Companies don’t want to disclose the chemicals they use because some ingredients are known to cause cancer, and others cause long-term neurological and kidney disorders. Yet without details on the chemicals, authorities and average citizens don’t know what to test for.

It’s amazing that after at least a thousand documented cases of poisoned water, we still have so few protections for water supplies. The obvious and most effective solution is to put natural-gas fracking back under the oversight of the national Safe Drinking Water Act.

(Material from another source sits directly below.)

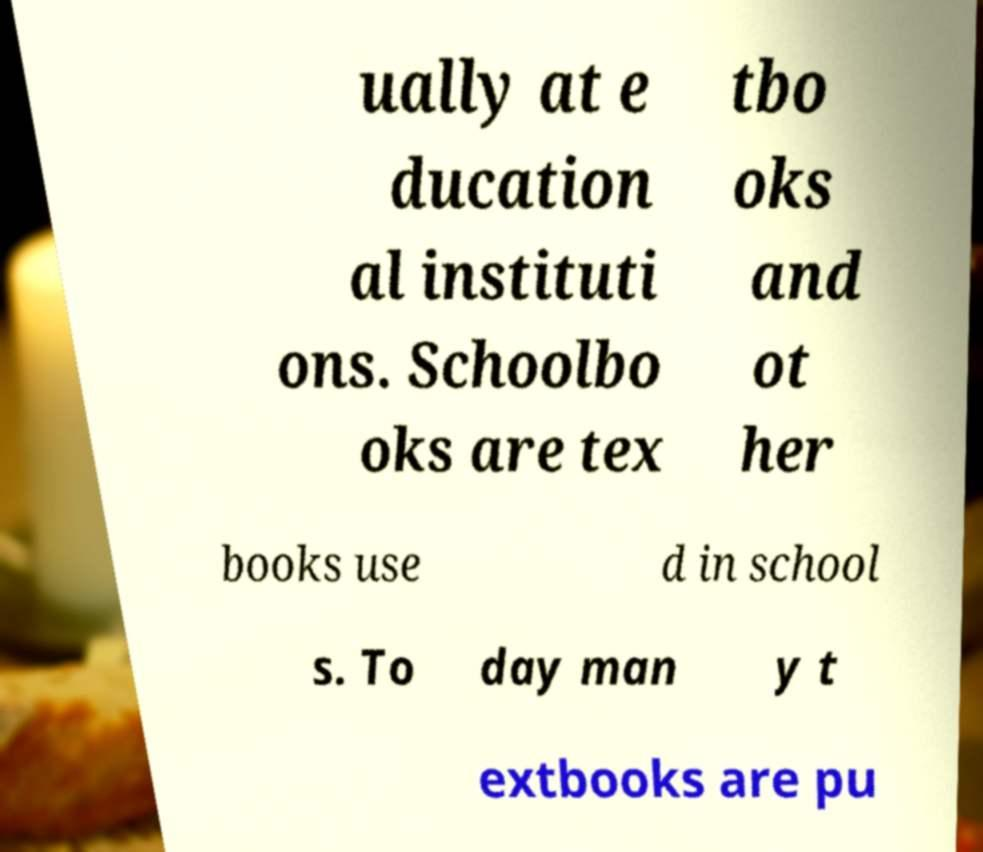Please read and relay the text visible in this image. What does it say? ually at e ducation al instituti ons. Schoolbo oks are tex tbo oks and ot her books use d in school s. To day man y t extbooks are pu

But the gas industry is powerful. We are subject to a constant barrage of commercials exalting natural gas as clean energy. Industry campaign contributions cross party lines. And the promise of cheap domestic energy and new jobs is seductive – especially in tough economic times. But citizens across the country are asking questions and organizing resistance.

America has been blessed with an abundant supply of water resources. As citizens, we have a right to know what chemicals are being pumped into the ground near our communities, and we have a right to demand that our government safeguard our health and welfare. Water is a collective, public resource upon which we all rely. We can’t allow the short-term quest for cheap energy to permanently damage one of the few elements we can’t live without. We owe it to our children and grandchildren to demand more.

Katherine McFate is president of OMB Watch, a nonprofit research and advocacy organization dedicated to promoting government openness and increasing citizen engagement.